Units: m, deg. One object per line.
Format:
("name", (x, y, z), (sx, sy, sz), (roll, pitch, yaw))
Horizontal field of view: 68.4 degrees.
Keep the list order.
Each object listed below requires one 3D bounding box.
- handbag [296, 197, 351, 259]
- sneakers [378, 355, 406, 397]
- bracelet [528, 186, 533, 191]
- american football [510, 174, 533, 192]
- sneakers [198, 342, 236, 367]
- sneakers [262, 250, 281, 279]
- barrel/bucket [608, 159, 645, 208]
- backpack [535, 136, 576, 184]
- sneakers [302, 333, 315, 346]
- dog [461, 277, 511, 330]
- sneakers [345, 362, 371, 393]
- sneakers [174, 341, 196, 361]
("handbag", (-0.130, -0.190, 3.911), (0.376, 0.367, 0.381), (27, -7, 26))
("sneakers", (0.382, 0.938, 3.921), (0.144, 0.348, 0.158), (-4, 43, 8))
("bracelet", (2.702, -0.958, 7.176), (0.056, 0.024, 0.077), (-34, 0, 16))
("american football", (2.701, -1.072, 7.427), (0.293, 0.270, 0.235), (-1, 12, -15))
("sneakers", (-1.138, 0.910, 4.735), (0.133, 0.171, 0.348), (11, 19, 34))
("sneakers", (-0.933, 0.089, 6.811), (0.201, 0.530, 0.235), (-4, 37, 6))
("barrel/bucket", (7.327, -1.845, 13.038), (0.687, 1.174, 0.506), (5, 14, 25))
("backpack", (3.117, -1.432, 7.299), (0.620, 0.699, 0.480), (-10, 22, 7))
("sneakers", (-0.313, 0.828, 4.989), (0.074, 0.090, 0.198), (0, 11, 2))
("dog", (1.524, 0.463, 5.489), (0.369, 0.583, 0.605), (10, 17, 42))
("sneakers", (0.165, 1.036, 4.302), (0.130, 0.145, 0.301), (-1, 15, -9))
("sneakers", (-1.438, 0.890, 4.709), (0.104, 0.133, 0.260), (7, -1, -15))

Your assignment: Copy out only the lines of the records above from the one with "- sneakers [302, 333, 315, 346]" through the one with "- sneakers [345, 362, 371, 393]", exactly as they stand, both included.

Result of this exercise:
- sneakers [302, 333, 315, 346]
- dog [461, 277, 511, 330]
- sneakers [345, 362, 371, 393]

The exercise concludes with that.